One curious forest resident


  • Take a surfing lesson on Kuta Beach. For roughly $10 ($100,000 rupiah, the Balinese currency), you can hire a local expert to provide a brief tutorial, and then take you out on the beach’s beginner-sized waves. They’ll loan you a longboard and a shirt that magically keeps you warm. When you’re out in the surf, the instructor will hold your board steady as you navigate each prospective wave as it begins to curl. If moderately athletic, you’ll move from wannabe to waffler in less than an hour.

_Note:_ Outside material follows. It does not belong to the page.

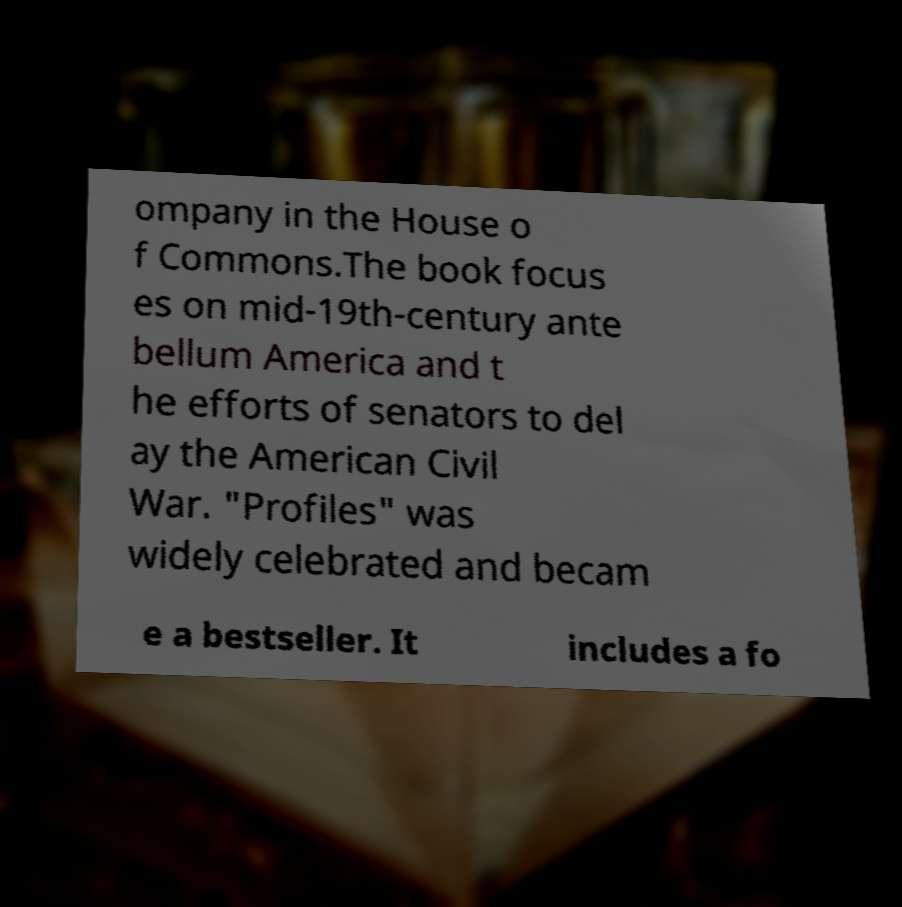Could you assist in decoding the text presented in this image and type it out clearly? ompany in the House o f Commons.The book focus es on mid-19th-century ante bellum America and t he efforts of senators to del ay the American Civil War. "Profiles" was widely celebrated and becam e a bestseller. It includes a fo

  •  Bicycle through Bali’s scenic back roads. Halo Bike Tours will pick you up in the company van, drive you first to a coffee plantation (where you can taste Luwak coffee and buy it by the cup or bag), and then by bicycle through neighborhoods and along the Balinese countryside. Villages are surrounded by centuries-old stone walls, as Hindus believe these protect their homes from evil spirits. Walls are fronted by canals, a gift from Dutch colonialists (according to our guide), which irrigate crops and serve as a bathing and laundering source. Locals are identified by the villages where they are born, and certain neighborhoods are known for particular crafts (artisan skills being passed from generation to generation). When asked what would happen if a son or daughter refused to learn how to carve wood or dye fabric for batik, for example, the question was met with a blank look—familial rebellion apparently unheard of here. The tour ends with a lavish lunch in the home of the company owner whose wife is the chef. The family is personable, their conversation steeped in the Balinese penchant for sharing personal stories.


  • Go snorkeling on Nusa Dua Beach. While the speedboat ride offered up refreshing, glass-bottomed visuals, there were very few fish thanks to the churning, outboard traffic. The air reeked of exhaust, and coupled with the ocean’s rocking sensations, we were green with something other than envy.


  • Visit Turtle Island. A sixty-year-old turtle was lifted by its fins to serve as a prop for tourist photos, which seemed hardly dignified for such a gorgeous animal. Hanging from a tree nearby, a fruit bat (an enormous, fantastical creature with eyes like a cat and just as big, if not bigger) served as petting zoo fodder for a queue of tourists. This struck the absurd chord, though the megabat did seem to enjoy being handled by a family of Japanese “flying fox” enthusiasts.


  • Go shopping with western expectations. In Bali, browsing is a different experience than you’ll find in the more industrialized world. Expect a degree of vigor from the island’s salespeople that you don’t see in the US, as tourism is its largest industry. Do bargain, as the Balinese expect you to. The rule of thumb is that tradespeople will accept 30% less than the asking price in the artisan shops, and 50% less in the tourist centers (found in Kuta and Ubud, where the quality of the merchandise is considered to be lower). Start low (without being insulting), and be prepared to walk away when they throw you a curve ball (one Balinese painter told us we could only have the price we’d agreed upon if we bought a second painting—when we started walking away, he instantly caved). The high jinx is all meant in fun and should be taken that way.